C’est d’ailleurs pour cela que certain d’entre vous on grincer des dents du faite d’avoir à faire un chèque de 34.50% des dividendes brut perçus sans application des abattements d’assiette qui sont prévus pour les
revenus distribués imposés au barème progressif de l’impôt sur le revenu) et sans déduction d’aucune dépense effectuée en vue de l’acquisition ou de la conservation du revenu. Sur 10 000 euros, le chèque se montait à la somme de 3 450 euros.

A noter que les prélèvements sociaux sont depuis le 1er juillet 2012 de 15,5 % car le prélèvement social est passé à 5.40%.

Dans le nouveau régime proposé dans le projet de loi de finance 2013, il s’agit d’imposer les dividendes en supprimant les P.F.L et donc à les imposer selon le barème progressif de l’Impôt sur le revenu.

Pour ne pas lèser l’état dans la gestion de ses finances, le P.L.F ci-dessus développé est transformé en un acompte obligatoire pour les contribuables percevant un montant significatif de produits patrimoniaux. En effet, l’état avait sans doute l’habitude de recevoir de nombreux chèques dû à l’option systématique du P.L.F. par les contribuables. Le P.L.F. étant supprimé puisque les dividendes réintègrent le barème classique de l’impôt sur le revenu, il a fallu mettre en place un acompte obligatoire afin de maintenir le niveau d’encaissement apporté par les fruits du P.L.F. (environ 4 milliards d’euros)

Ce prélèvement obligatoire qui lui est de 21% sera en effet imputé sur l’impôt sur le revenu liquidé en 2013 sur les revenus 2012 et, en cas d’excédent, ce dernier sera restituable. Le prélèvement forfaitaire libératoire devient donc obligatoire.
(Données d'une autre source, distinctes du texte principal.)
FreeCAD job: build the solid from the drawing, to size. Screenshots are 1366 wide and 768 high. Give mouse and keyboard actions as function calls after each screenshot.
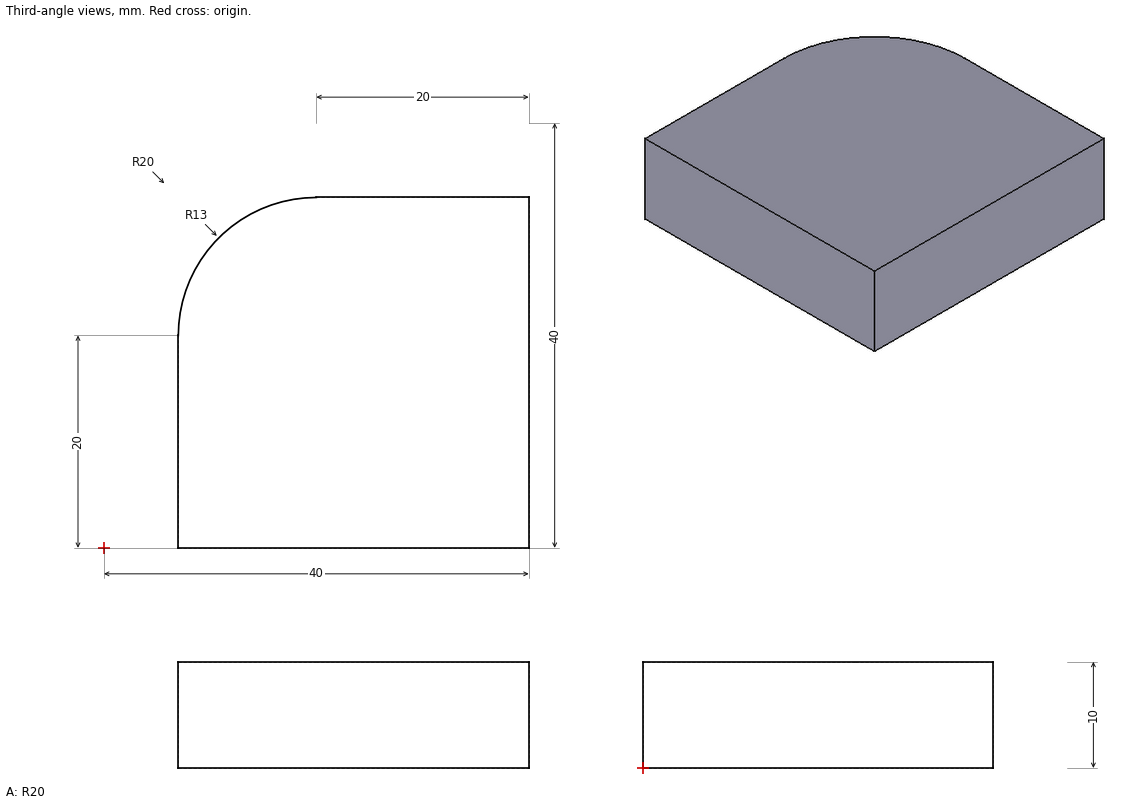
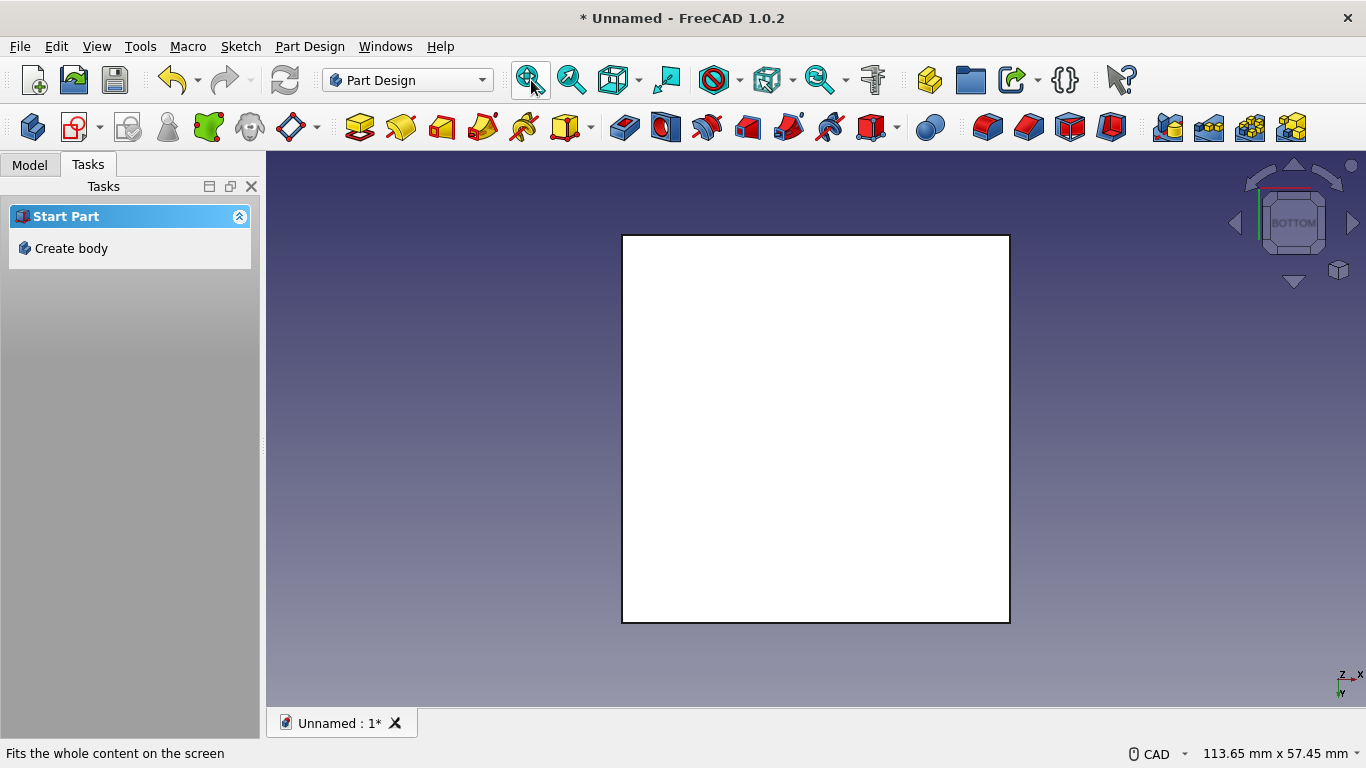
key(4)

Par contre, pour les dividendes encaissés en 2012 et pour lesquels nous vous avons fait remplir une déclaration de prélèvement forfaitaire libératoire qui a été déposée auprès du Trésor dans les quinze premiers jours du mois qui suit celui du paiement, il est prévu que le contribuable qui a payé bénéficierait d’un crédit d’impôt égal au montant du P.L.F. à imputer sur l’impôt sur le revenu dû au titre de cette même année 2012.

L’assiette de ce prélèvement obligatoire a été élargie en même temps car il vise également : "...Il s’agit des bénéfices ou produits non mis en réserve ou incorporés au capital, des sommes ou valeurs mises à la disposition des associés, actionnaires ou porteurs de parts et non prélevées sur les bénéfices, des avances, prêts ou acomptes accordés aux associés, des rémunérations et avantages occultes, des rémunérations excessives et des dépenses somptuaires, ainsi que des jetons de présence et autres rémunérations allouées aux membres du conseil d’administration ou du conseil de surveillance des sociétés anonymes.." on retrouve l’arsenal classique des impôts en cas de disposition de revenus non préalablement taxés et découvert par l’inspecteur.
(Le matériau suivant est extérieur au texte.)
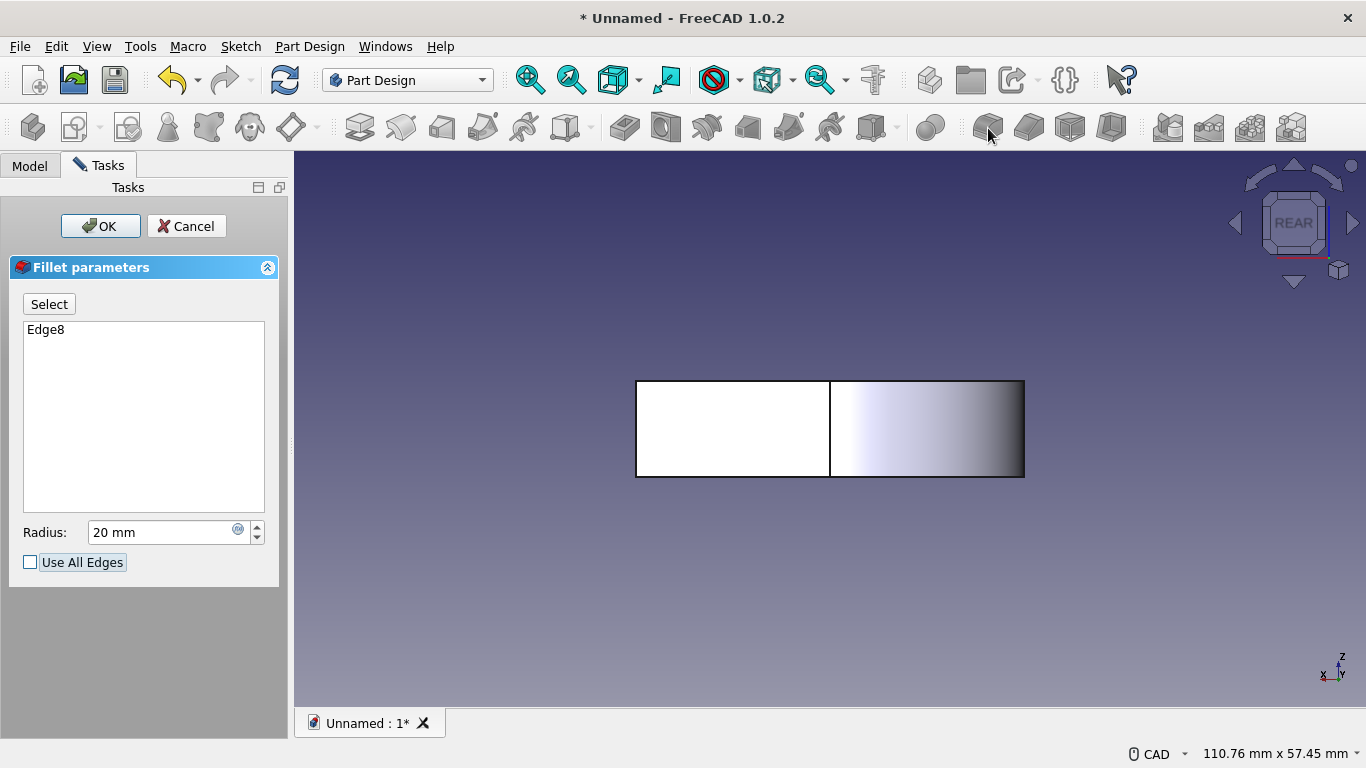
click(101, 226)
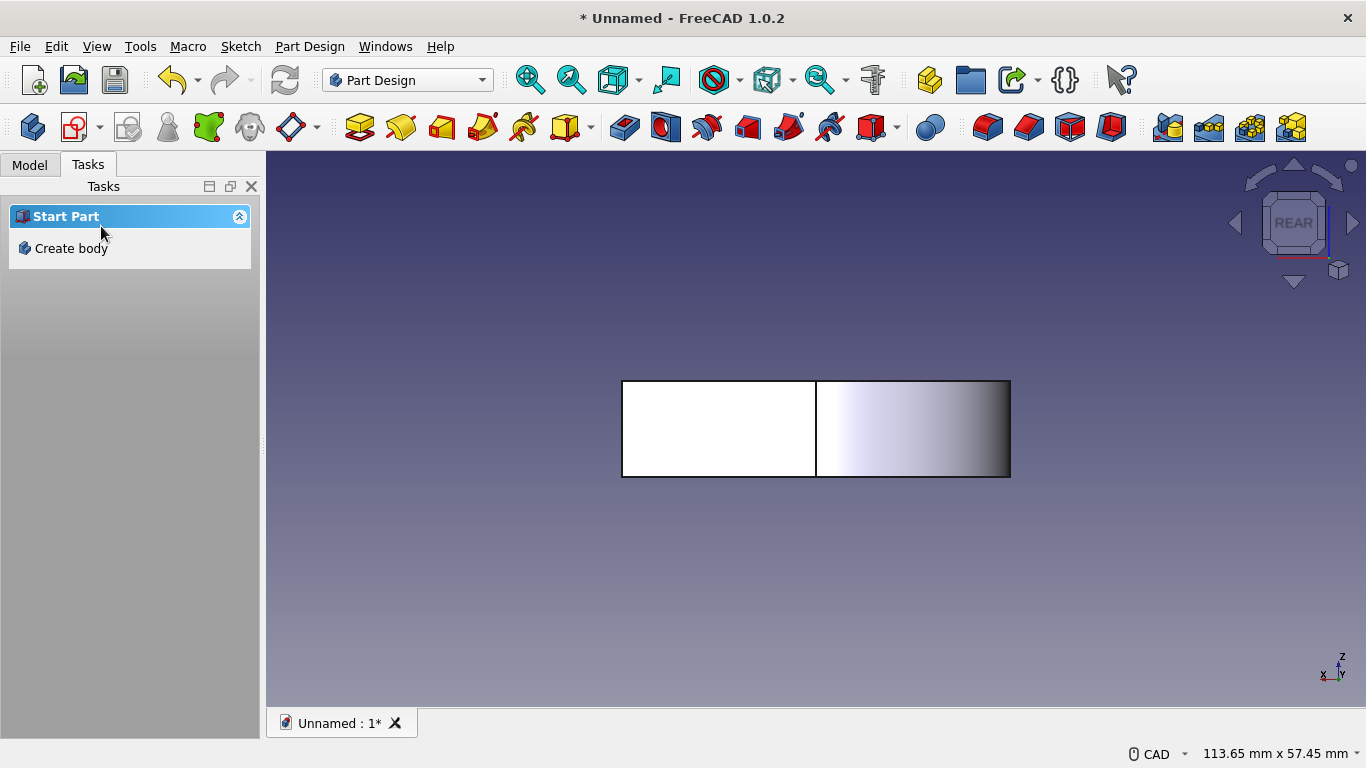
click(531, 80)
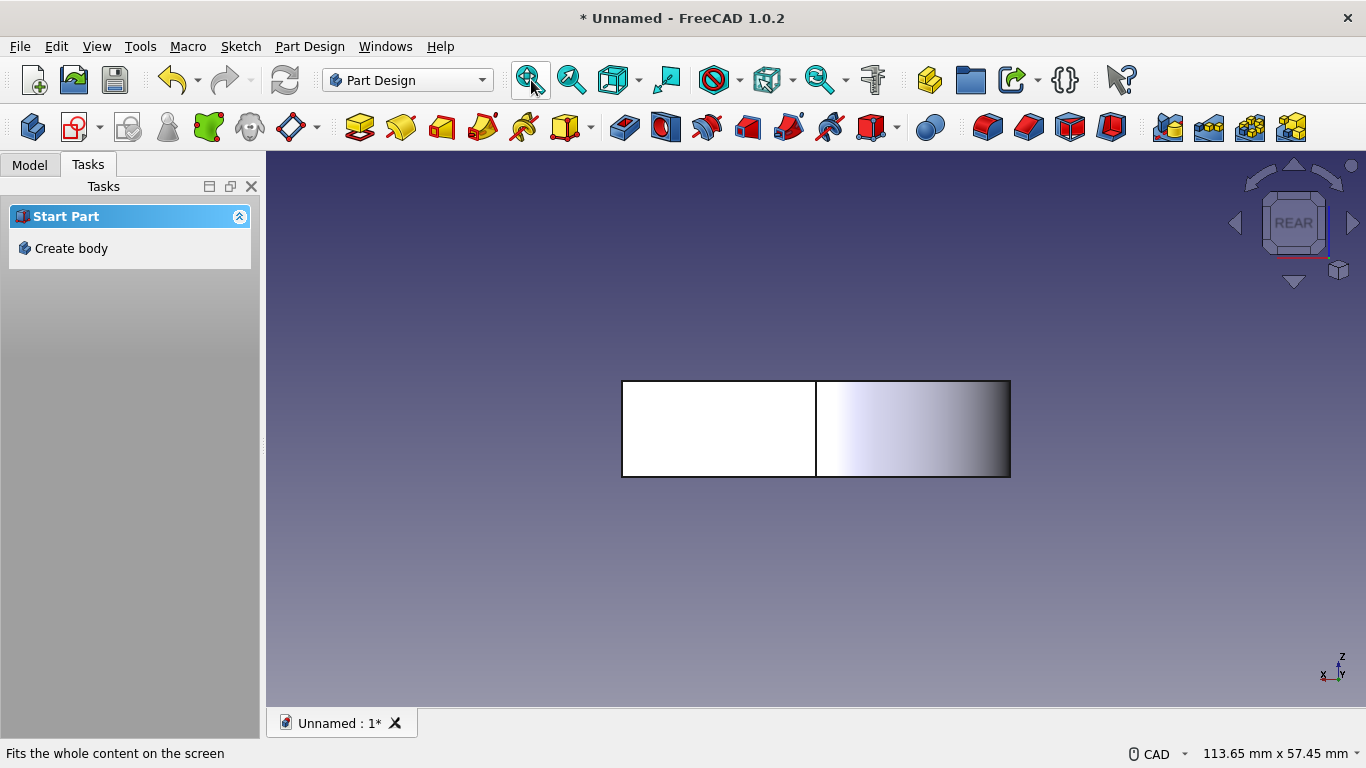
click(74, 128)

De même, il semble que pour ses mêmes dividendes, il soit proposé de donner aux contribuables membres d’un foyer fiscal dont le revenu fiscal de référence (R.F.R) de l’avant-dernière année est inférieur à 50 000 euros la faculté de demander à ne pas verser d’acompte. Pour bénéficier de ce régime, et être dispensées du prélèvement, il faudra auprès de l’établissement qui paye le dividende et ce avant le 31 octobre de l’année précédant le paiement, c’est-à-dire en clair avant le 31 octobre 2012 pour les dividendes payés en 2013, présenter le dernier avis d’imposition, donc 2012 assis sur les revenus 2011.

Le délai d’option pour les revenus 2013 serait décalé au 31 mars 2013 (la date « normale » du 31 octobre 2012 étant déjà dépassée alors que le présent texte n’est pas entré en vigueur). La dispense de prélèvement s’appliquerait à compter de la date d’exercice de l’option.